Quelqu'un m'a dit ça l'autre jour. Quelqu'un de proche. Et donc je l'ai cru. Forcément, puisque c'est

quelqu'un de proche, qui m'aime et me connait.


Fucking bullshit !


Tu veux savoir qui m'a dit ça ? Ah ah tu vas rire. Ou pleurer, ça dépend d’où tu en es sur ton

chemin.


C'est moi qui me suis dit ça. Et ouais... Moi. Quand j'ai pris dans la face la violence de ce

que j'étais en train de me raconter, j'ai fondu en larmes, et à l'instant où je frappe ces mots, les yeux

me piquent encore. Comme à chaque fois que je fais un pas en avant vers ma vérité, je me dis "Bon

sang mais c'est bien sûr !", ou encore "Putain je le savais je le savais quelle conne !".


Une autre Laure m'a demandé hier "A quelle conversation veux-tu participer ?". Comprendre "C'est

quoi qui te fait vibrer, quand tu rencontres des personnes ? Quels sont les sujets qui te touchent, te

mettent la rage ou les larmes ou les deux ?". Je crois bien que quelqu'un m'a déjà posé cette question

avant elle, mais je n'étais pas prête à répondre. Le "c'est pas crédible" de ce matin me dit que

maintenant, c'est OK. Maintenant je peux dire ce qui me révolte et me touche.

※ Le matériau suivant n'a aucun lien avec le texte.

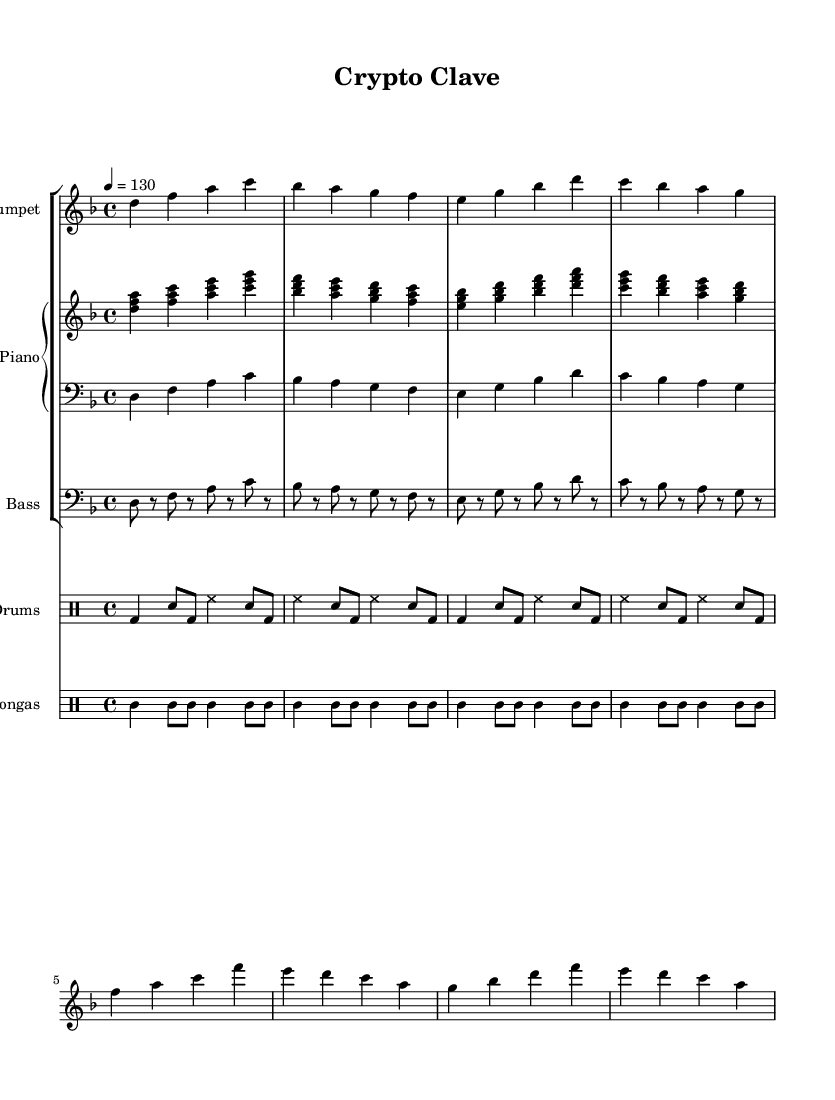What is the key signature of this music? The key signature is represented by the sharp and flat symbols at the beginning of the staff. In this case, there are no sharps or flats indicated, which means the key is D minor.
Answer: D minor What is the time signature of this piece? The time signature is indicated at the beginning of the score, showing two numbers stacked vertically. Here, the time signature 4/4 indicates that there are four beats per measure and the quarter note gets one beat.
Answer: 4/4 What is the tempo marking for this music? The tempo marking appears above the staff indicating the speed of the piece. The indication "4 = 130" means that there are 130 beats per minute.
Answer: 130 How many measures are there in the trumpet part? Counting the vertical bar lines dividing the music into measures helps determine the total number of measures in the trumpet part. The trumpet part shows 8 measures when counted.
Answer: 8 What is the rhythmic pattern for the congas in the first measure? The first measure of the congas shows "cgh4 cgl8," which indicates that the first note is a quarter note and is followed by an eighth note. The specific sounds in each part reference the conga rhythms typical in Latin music.
Answer: cgh4 cgl8 What type of musical elements are most prominent in Latin jazz fusion demonstrated here? In analyzing the rhythmic styles and improvisation commonly found in Latin jazz fusion, we notice that syncopated rhythms and call-and-response patterns between instruments represent these musical elements.
Answer: Syncopation What instrument plays the bass line in this composition? Upon examination of the score, the last group labeled indicates the instrument specifically notated for the bass line, which is the "Bass" part beneath the piano staff that corresponds to low pitches.
Answer: Bass 
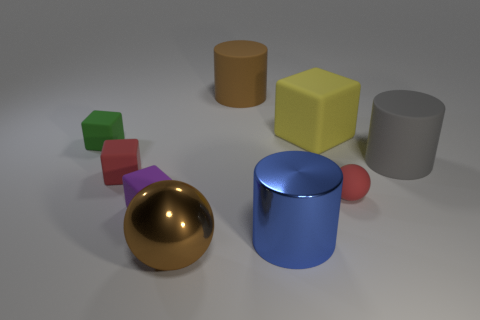Subtract all large matte cylinders. How many cylinders are left? 1 Subtract all red cubes. How many cubes are left? 3 Add 1 big brown rubber things. How many objects exist? 10 Subtract all brown blocks. Subtract all purple spheres. How many blocks are left? 4 Subtract all spheres. How many objects are left? 7 Subtract 0 yellow spheres. How many objects are left? 9 Subtract all brown cylinders. Subtract all matte objects. How many objects are left? 1 Add 6 green cubes. How many green cubes are left? 7 Add 3 big yellow matte blocks. How many big yellow matte blocks exist? 4 
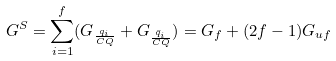<formula> <loc_0><loc_0><loc_500><loc_500>G ^ { S } = \sum ^ { f } _ { i = 1 } ( G _ { \frac { q _ { i } } { C Q } } + G _ { \frac { \bar { q } _ { i } } { C Q } } ) = G _ { f } + ( 2 f - 1 ) G _ { u f }</formula> 
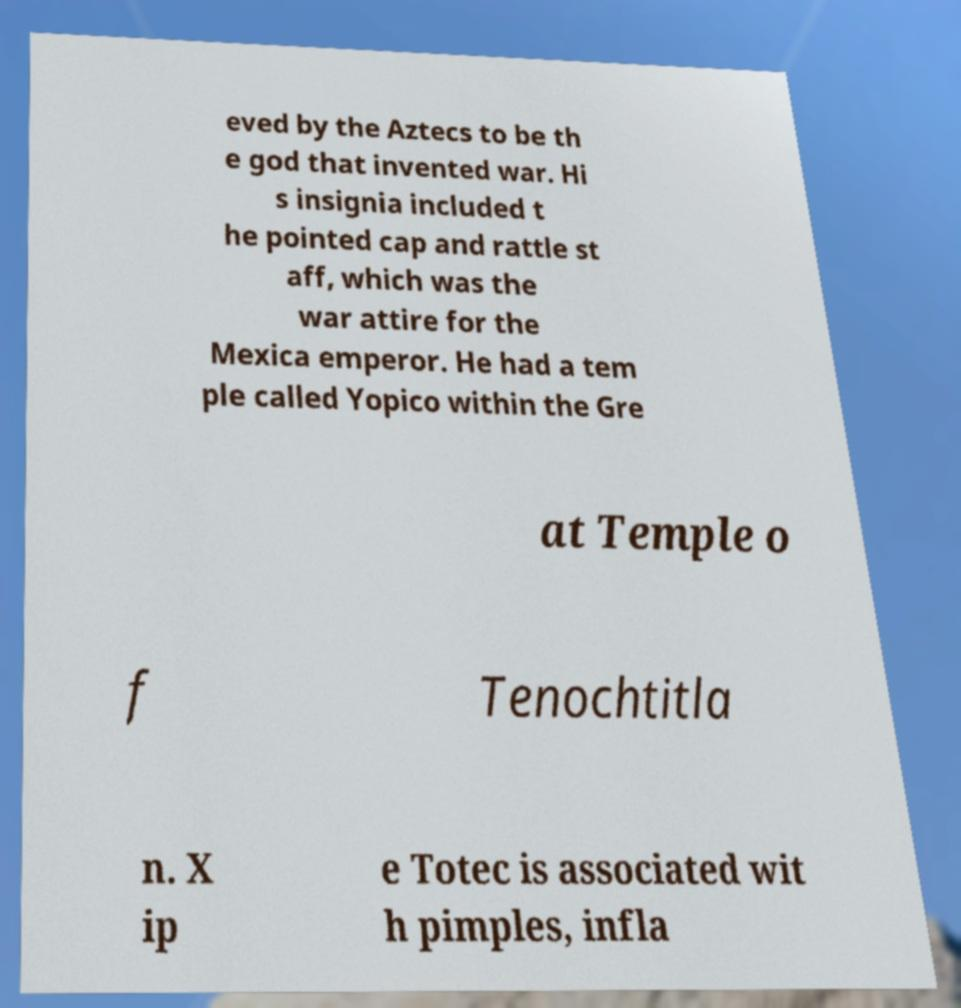Could you extract and type out the text from this image? eved by the Aztecs to be th e god that invented war. Hi s insignia included t he pointed cap and rattle st aff, which was the war attire for the Mexica emperor. He had a tem ple called Yopico within the Gre at Temple o f Tenochtitla n. X ip e Totec is associated wit h pimples, infla 
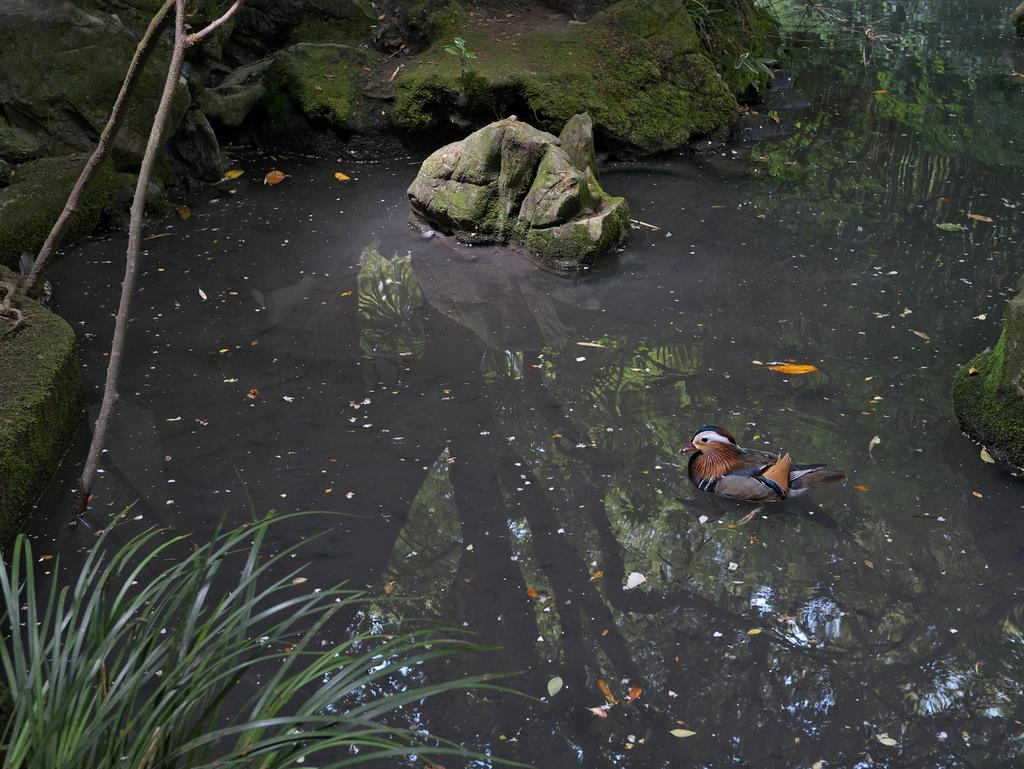What is in the water in the image? There is a bird in the water in the image. What else can be seen floating on the water? There are dry leaves on the water. What is a solid object visible in the image? There is a rock visible in the image. What can be seen in the top left corner of the image? There is a wooden object in the top left corner of the image. Can you touch the power lines in the image? There are no power lines present in the image. What type of farm can be seen in the background of the image? There is no farm visible in the image.

Pause sanglots. Reste là, je reviens, j'en ai pas pour longtemps.


...


Alors je reprends, pour toi qui n'es pas dans ma tête.


Ce qui me révolte, ce qui me fait pleurer, ce qui déchaîne la rage en moi, bref, ce qui réveille la boule d'énergie dans mon ventre, c'est la violence. Je ne parle pas de la violence que d'autres te font subir. Non non, je parle de celle que tu t'infliges toute seule, quand tu laisses faire ces autres. Je te donne des exemples après, mais d'abord je veux revenir sur ce "c'est pas crédible". Pourquoi n'ai-je pas admis que c'est ce sujet qui me touche ? Parce que je ne me sentais pas légitime pour en parler, pour avoir un avis et le défendre, et encore moins pour aider par mon exemple et mon expérience. Toute seule face à moi-même, je minimisais ce qui m'est arrivé :


  • non, je ne suis pas légitime pour parler des violences faites aux femmes, parce qu'il ne me frappait pas si souvent que ça

  • non, je ne peux pas parler de l'alcoolisme, parce que je n'étais pas bourrée tous les jours et que quand je l'étais ça n'a pas duré si longtemps

  • non, je n'ai pas le droit d'intervenir sur le burn-out, parce que le mien n'en était pas vraiment un et que je m'en suis vite remise

  • non non non, je ne ferai rien pour toutes celles qui vivent aujourd'hui ces horreurs, parce que tout ça est derrière moi, je m'en suis sortie, chacun sa merde, elles ont qu'à faire comme moi


et surtout, je me tais, parce que personne ne peut croire qu'une seule personne ait vécu tout ça. Tu as le droit d'avoir vécu une souffrance, mais trois... Faut pas déconner, C'EST PAS CREDIBLE.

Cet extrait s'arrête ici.